Langkah ini merupakan tindak lanjut dari arahan Presiden Prabowo Subianto yang menargetkan setiap pabrik di kawasan industri menyediakan fasilitas penitipan anak yang layak. Dudung menegaskan bahwa verifikasi lapangan menyasar dua model pengelolaan yang berbeda: fasilitas yang dijalankan langsung oleh perusahaan manufaktur dan daycare yang dikelola badan usaha swasta.
Dalam kunjungan tersebut, rombongan mengunjungi PT Omron Manufacturing Indonesia di Kawasan EJIP, Cikarang Selatan, Kabupaten Bekasi, serta Amanda Daycare di Telukjambe Timur, Karawang. Menurut Dudung, peninjauan ini bertujuan mengidentifikasi hambatan riil di lapangan, mulai dari persyaratan perizinan pendirian, pemenuhan standar layanan, hingga tata kelola pengasuhan sehari-hari.
Dudung mengakui masih menemukan sejumlah ganjalan yang perlu dibenahi. "Kita lihat sumbatannya ada di mana, kendalanya ada di mana," ujarnya, seraya menyebut bahwa laporan dari Menteri PPPA mengindikasikan perlunya penyederhanaan persyaratan dan peningkatan kapasitas pengelola. Ia menekankan bahwa bentuk pengelolaan daycare boleh beragam, namun standar pengasuhan tidak bisa ditawar.
Anak harus aman, pengasuh harus berkualitas, pengelolaan harus bertanggung jawab, dan orang tua harus memiliki kepastian bahwa anaknya terlindungi.
Selain isu penitipan anak, Dudung juga mengapresiasi upaya PT Omron Manufacturing Indonesia dalam memberdayakan penyandang disabilitas. Menurutnya, praktik ini sejalan dengan Asta Cita keempat Presiden yang menekankan pembangunan sumber daya manusia inklusif. Ia berharap model pengelolaan yang baik dapat direplikasi oleh perusahaan lain di berbagai kawasan industri.

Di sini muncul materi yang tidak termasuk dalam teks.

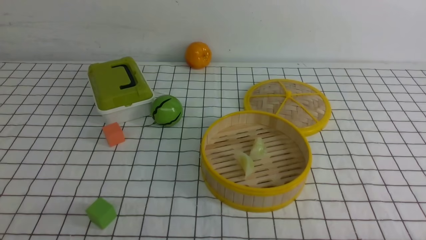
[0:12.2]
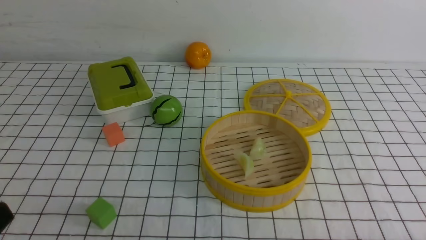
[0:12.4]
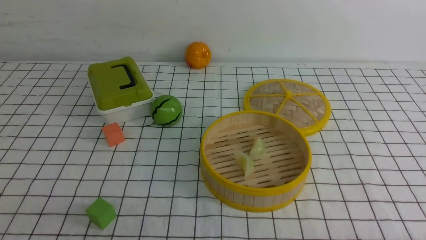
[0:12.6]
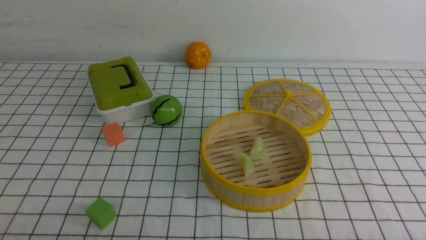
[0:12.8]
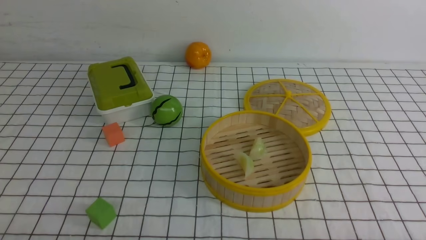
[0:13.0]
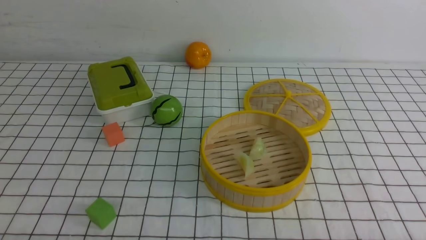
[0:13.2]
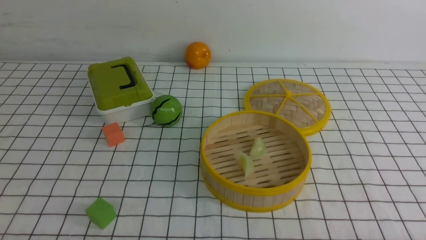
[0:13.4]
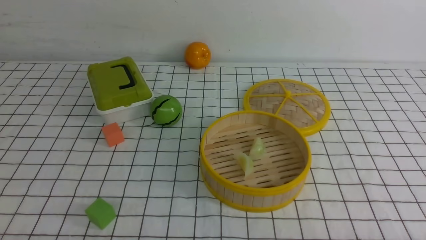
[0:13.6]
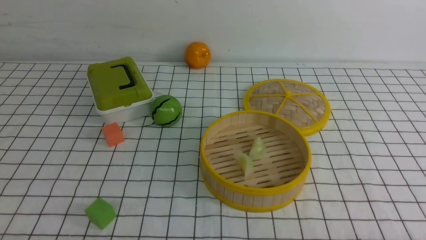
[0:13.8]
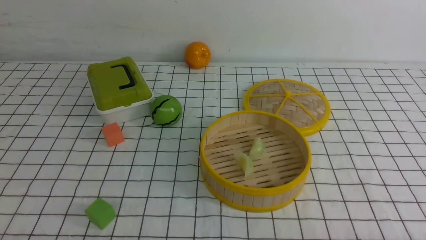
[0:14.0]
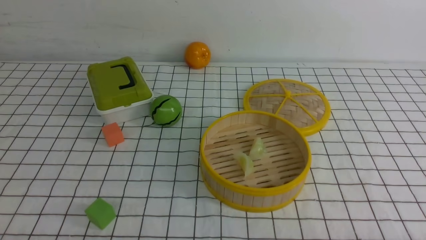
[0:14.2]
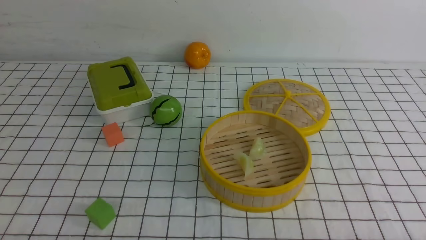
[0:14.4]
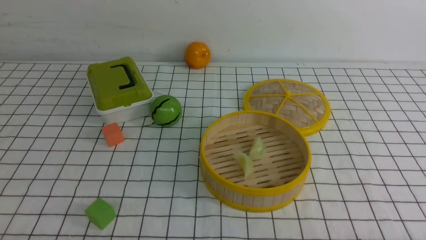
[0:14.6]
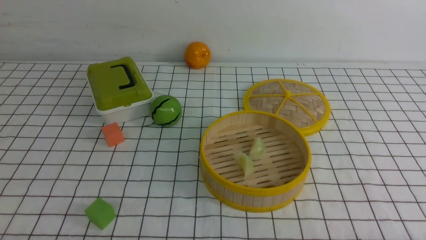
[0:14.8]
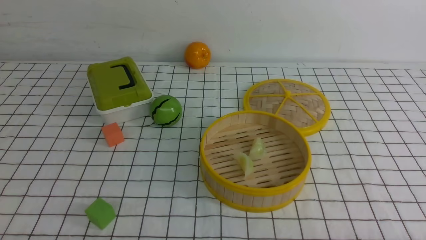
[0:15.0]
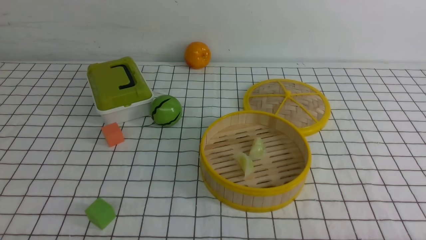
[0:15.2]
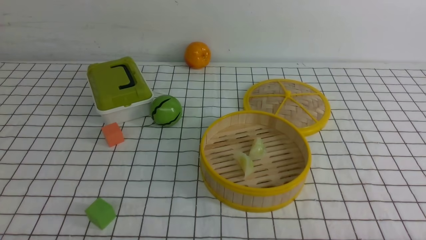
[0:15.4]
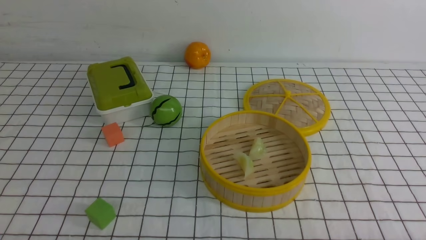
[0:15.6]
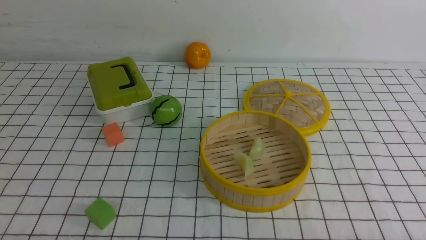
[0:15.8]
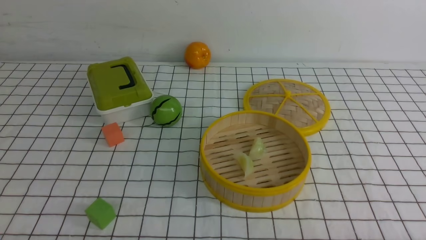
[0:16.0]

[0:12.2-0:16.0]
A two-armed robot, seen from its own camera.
Task of the whole recording: put the dumplings into the steamer on the table with the white tablecloth.
0:13.4 to 0:16.0: Both grippers stay about where they are.

Konteks Indonesia: Daya Saing dan Perlindungan Tenaga Kerja
Bagi pelaku industri dan investor, kebijakan ini membawa implikasi ganda. Di satu sisi, penyediaan daycare yang layak dapat meningkatkan partisipasi angkatan kerja perempuan, yang selama ini terhambat oleh tanggung jawab pengasuhan. Data Kementerian Ketenagakerjaan menunjukkan bahwa sektor manufaktur masih menjadi penyerap tenaga kerja perempuan terbesar, namun banyak yang memilih berhenti setelah melahirkan karena minimnya dukungan fasilitas.
Di sisi lain, kewajiban ini berpotensi menambah beban operasional perusahaan, terutama bagi usaha kecil dan menengah di kawasan industri. Pemerintah perlu memastikan bahwa regulasi yang lahir nanti tidak menjadi penghambat investasi, melainkan insentif yang mendorong terciptanya lingkungan kerja ramah keluarga. Sejumlah negara tetangga seperti Vietnam dan Thailand telah lebih dulu menerapkan standar serupa, dan berhasil menekan angka putus kerja pada pekerja perempuan.
Hasil verifikasi di Cikarang akan menjadi bahan masukan bagi kebijakan lintas kementerian dan lembaga. Dudung menyatakan bahwa temuan ini akan digunakan untuk memperkuat tata kelola layanan pengasuhan sementara anak serta memperluas penerapannya di seluruh Indonesia. Namun, tanpa peta jalan yang jelas dan tenggat waktu yang terukur, kekhawatiran tentang implementasi setengah hati masih membayangi.
Pertanyaannya kini: akankah pemerintah menyiapkan insentif fiskal bagi perusahaan yang menanamkan modal di fasilitas daycare, atau justru menyerahkan sepenuhnya pada kesadaran korporasi? Jawaban atas dilema ini akan menentukan apakah kebijakan tersebut menjadi terobosan nyata atau sekadar formalitas di atas kertas.